There is a risk, as highlighted by David Palfreyman and Ted Tapper, that the combination of financial and cultural factors in the HE teaching system result in our higher education provision becoming less demanding. They cite the example of the “crafty mutually convenient disengagement contract among distracted academics and instrumentalist students” that has emerged in part in the American higher education system. We must act pre-emptively to ensure that this risk of disengagement, which undoubtedly already exists in part, is not allowed to take hold systemically.

How do we pre-empt this possible disengagement? Not by expecting universities to engage with academics and students directly it seems. Nor even by leaving it to the market. But rather through a very large regulatory sledgehammer called the TEF.

We’ve had one full cycle of Teaching Quality Assessment before (the method of which changed over its near decade of operation following the 1992 FHE Act) and many academic and professional services staff still carry the medals and bear the scars.
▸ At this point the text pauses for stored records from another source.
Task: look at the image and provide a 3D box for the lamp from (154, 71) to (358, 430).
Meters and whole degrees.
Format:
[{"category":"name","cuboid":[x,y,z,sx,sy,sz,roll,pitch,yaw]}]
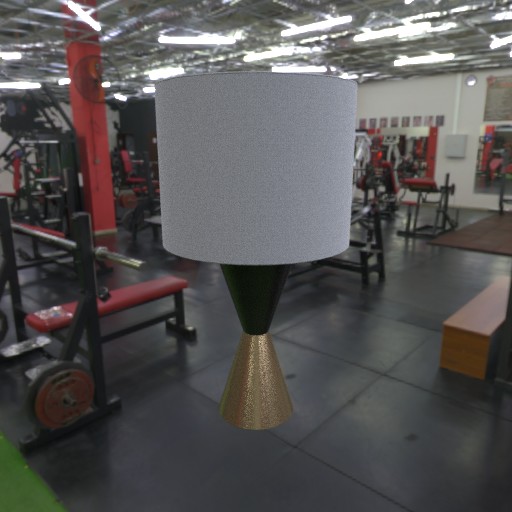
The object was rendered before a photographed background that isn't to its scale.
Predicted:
[{"category":"lamp","cuboid":[0.000,0.000,0.744,0.304,0.573,0.304,14,20,43]}]

Having abandoned that subject-level assessment  we are going to bring in a new scheme which will have all of the similar challenges for institutions and questionable benefits for students.

Nevertheless, the big bad TEF is coming and despite its obvious heft the claim is that the burden will be lifted for good providers:

However, as the sector has diversified, the quality assurance system must evolve with it if it is to remain fit for purpose. It is clear from the responses to our consultation that the previous system, though robust, placed a disproportionate bureaucratic burden on providers for which there was no cause for concern. And equally, it treated different providers differently purely on the basis of their status or incumbency, instead of a genuine assessment of their risk or quality.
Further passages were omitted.